- _Data excerpt_
• • • •
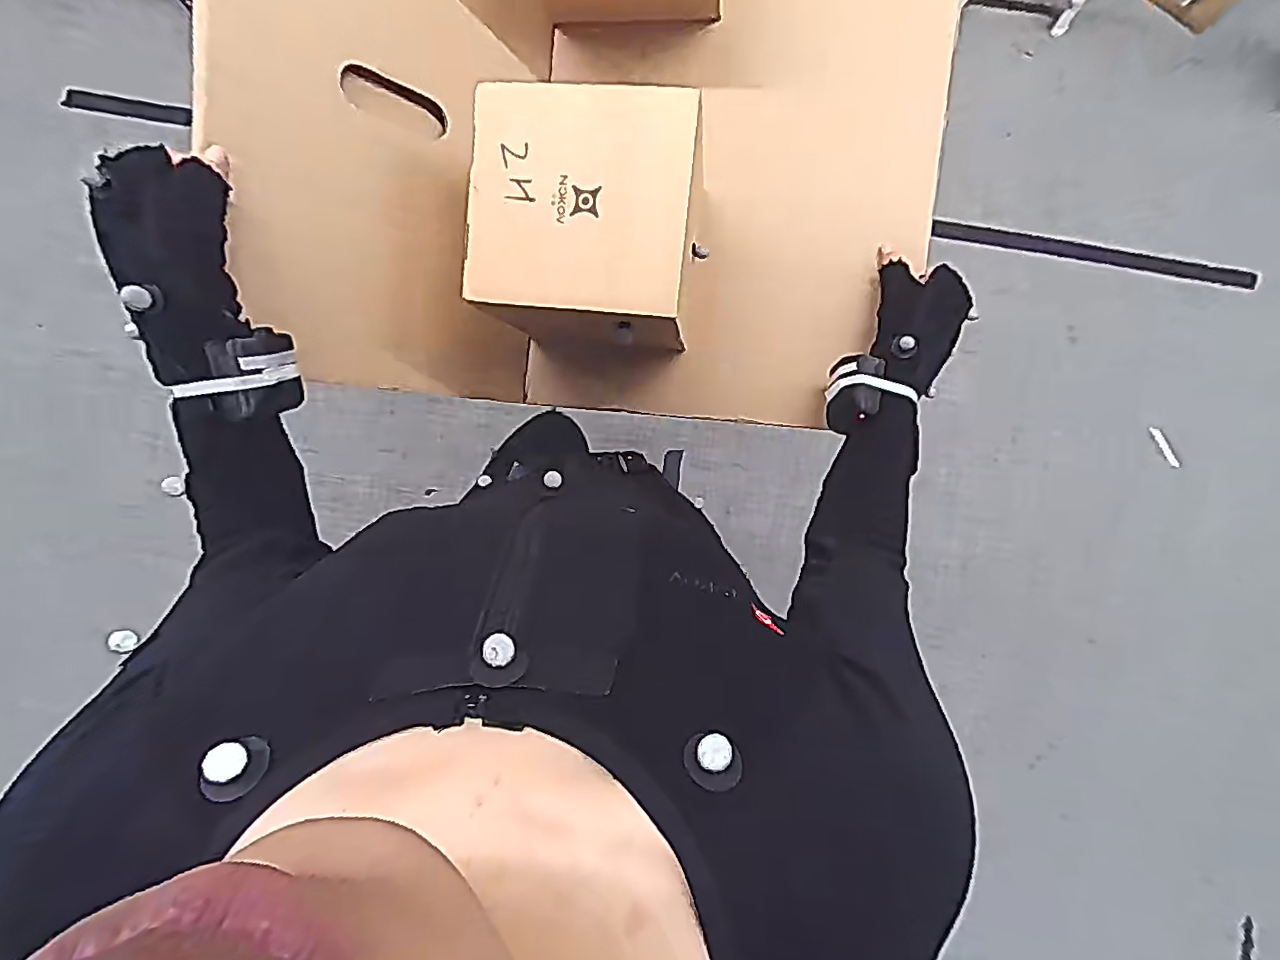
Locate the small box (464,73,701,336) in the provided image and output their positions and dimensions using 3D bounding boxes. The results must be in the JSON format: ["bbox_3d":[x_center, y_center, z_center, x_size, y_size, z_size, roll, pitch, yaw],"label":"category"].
[{"bbox_3d":[-0.039,-0.234,0.501,0.179,0.176,0.168,7,96,8],"label":"small box"}]

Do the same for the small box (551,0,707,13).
[{"bbox_3d":[-0.014,-0.551,0.467,0.179,0.176,0.168,4,96,7],"label":"small box"}]
• • • •
- _Exercise_
The whole of the data above needs retyping exactly, with pictures omitted.

- _Output below_
Locate the small box (464,73,701,336) in the provided image and output their positions and dimensions using 3D bounding boxes. The results must be in the JSON format: ["bbox_3d":[x_center, y_center, z_center, x_size, y_size, z_size, roll, pitch, yaw],"label":"category"].
[{"bbox_3d":[-0.039,-0.234,0.501,0.179,0.176,0.168,7,96,8],"label":"small box"}]

Do the same for the small box (551,0,707,13).
[{"bbox_3d":[-0.014,-0.551,0.467,0.179,0.176,0.168,4,96,7],"label":"small box"}]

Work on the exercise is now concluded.